INPUT.
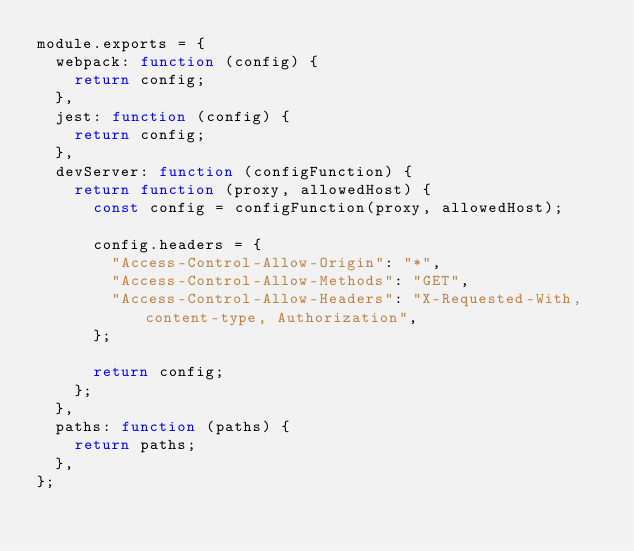<code> <loc_0><loc_0><loc_500><loc_500><_JavaScript_>module.exports = {
  webpack: function (config) {
    return config;
  },
  jest: function (config) {
    return config;
  },
  devServer: function (configFunction) {
    return function (proxy, allowedHost) {
      const config = configFunction(proxy, allowedHost);

      config.headers = {
        "Access-Control-Allow-Origin": "*",
        "Access-Control-Allow-Methods": "GET",
        "Access-Control-Allow-Headers": "X-Requested-With, content-type, Authorization",
      };

      return config;
    };
  },
  paths: function (paths) {
    return paths;
  },
};
</code> 
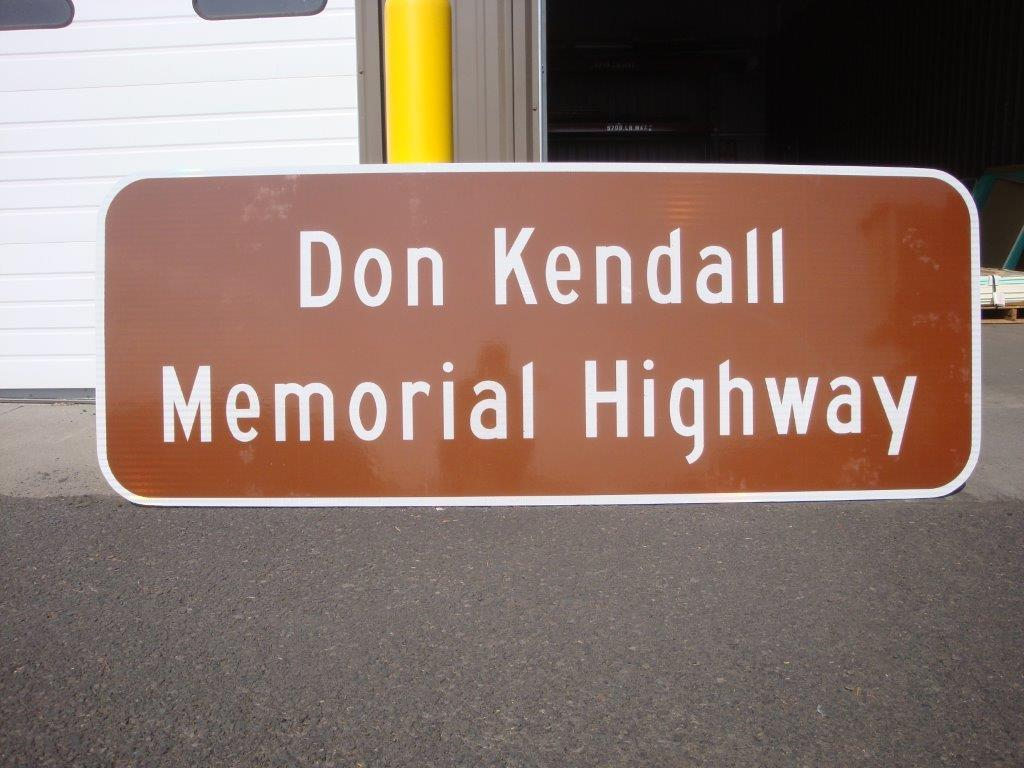<image>
Give a short and clear explanation of the subsequent image. the name Don Kendall is on the brown sign 
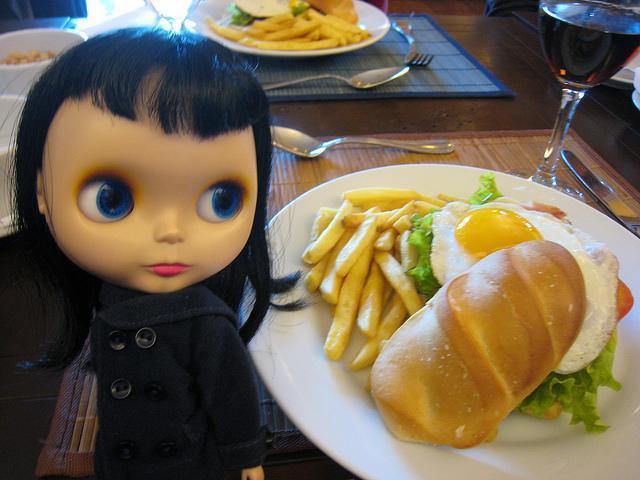How many spoons can you see?
Give a very brief answer. 1. How many bowls are there?
Give a very brief answer. 2. How many umbrellas are shown?
Give a very brief answer. 0. 
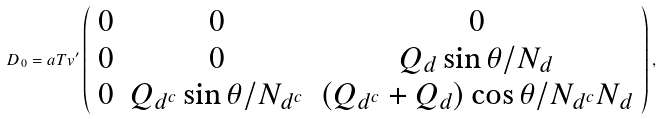Convert formula to latex. <formula><loc_0><loc_0><loc_500><loc_500>D _ { 0 } = a T v ^ { \prime } \left ( \begin{array} { c c c } 0 & 0 & 0 \\ 0 & 0 & Q _ { d } \sin \theta / N _ { d } \\ 0 & Q _ { d ^ { c } } \sin \theta / N _ { d ^ { c } } & ( Q _ { d ^ { c } } + Q _ { d } ) \cos \theta / N _ { d ^ { c } } N _ { d } \end{array} \right ) ,</formula> 
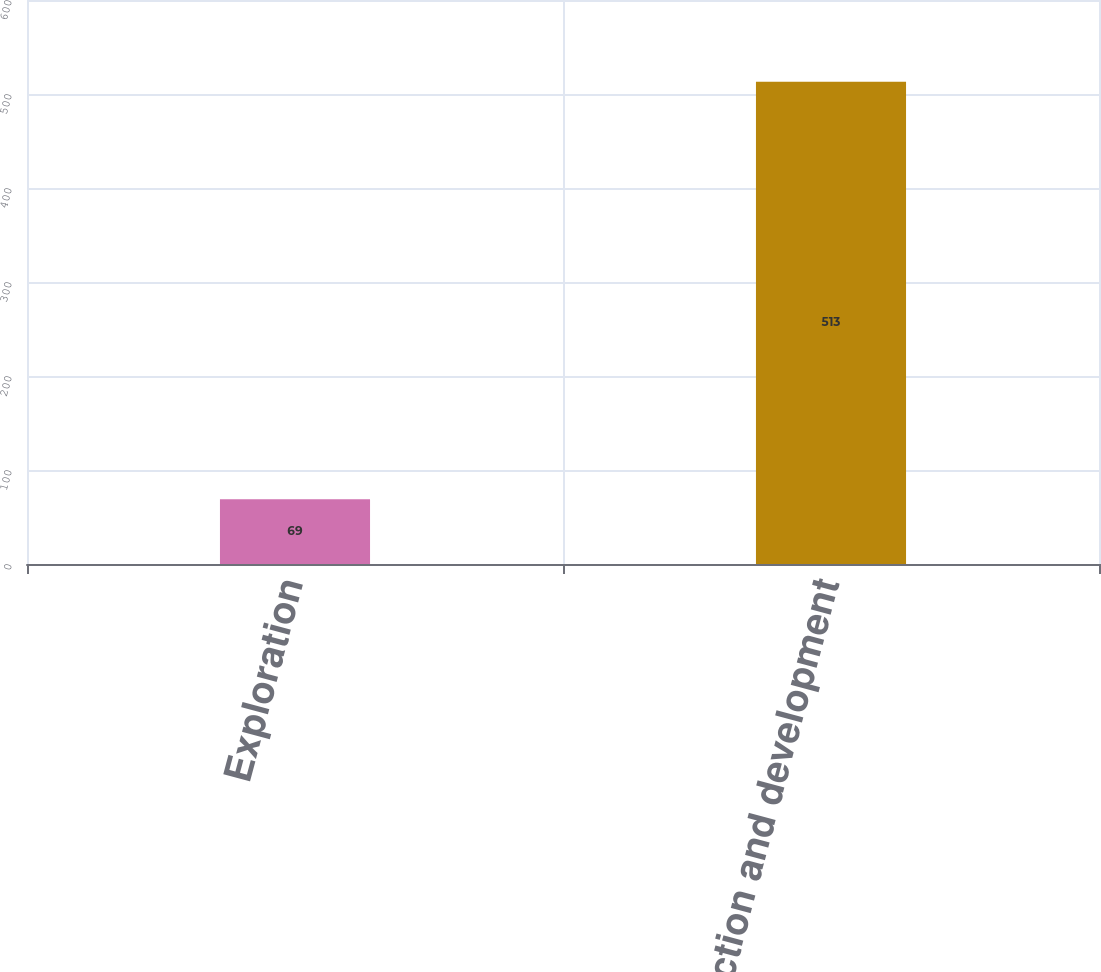Convert chart. <chart><loc_0><loc_0><loc_500><loc_500><bar_chart><fcel>Exploration<fcel>Production and development<nl><fcel>69<fcel>513<nl></chart>

WHAT YOU SHOULD DO. Give every record again without changing a word. Exclude the pictures.

SOLVED PROBLEM.
<code> <loc_0><loc_0><loc_500><loc_500><_JavaScript_>module.exports = {
  webpack: function (config) {
    return config;
  },
  jest: function (config) {
    return config;
  },
  devServer: function (configFunction) {
    return function (proxy, allowedHost) {
      const config = configFunction(proxy, allowedHost);

      config.headers = {
        "Access-Control-Allow-Origin": "*",
        "Access-Control-Allow-Methods": "GET",
        "Access-Control-Allow-Headers": "X-Requested-With, content-type, Authorization",
      };

      return config;
    };
  },
  paths: function (paths) {
    return paths;
  },
};
</code> 
<image>
Give a short and clear explanation of the subsequent image. the name Don Kendall is on the brown sign 
How many spoons can you see?
Give a very brief answer. 1. How many bowls are there?
Give a very brief answer. 2. How many umbrellas are shown?
Give a very brief answer. 0. 
Convert formula to latex. <formula><loc_0><loc_0><loc_500><loc_500>D _ { 0 } = a T v ^ { \prime } \left ( \begin{array} { c c c } 0 & 0 & 0 \\ 0 & 0 & Q _ { d } \sin \theta / N _ { d } \\ 0 & Q _ { d ^ { c } } \sin \theta / N _ { d ^ { c } } & ( Q _ { d ^ { c } } + Q _ { d } ) \cos \theta / N _ { d ^ { c } } N _ { d } \end{array} \right ) ,</formula> 
Convert chart. <chart><loc_0><loc_0><loc_500><loc_500><bar_chart><fcel>Exploration<fcel>Production and development<nl><fcel>69<fcel>513<nl></chart>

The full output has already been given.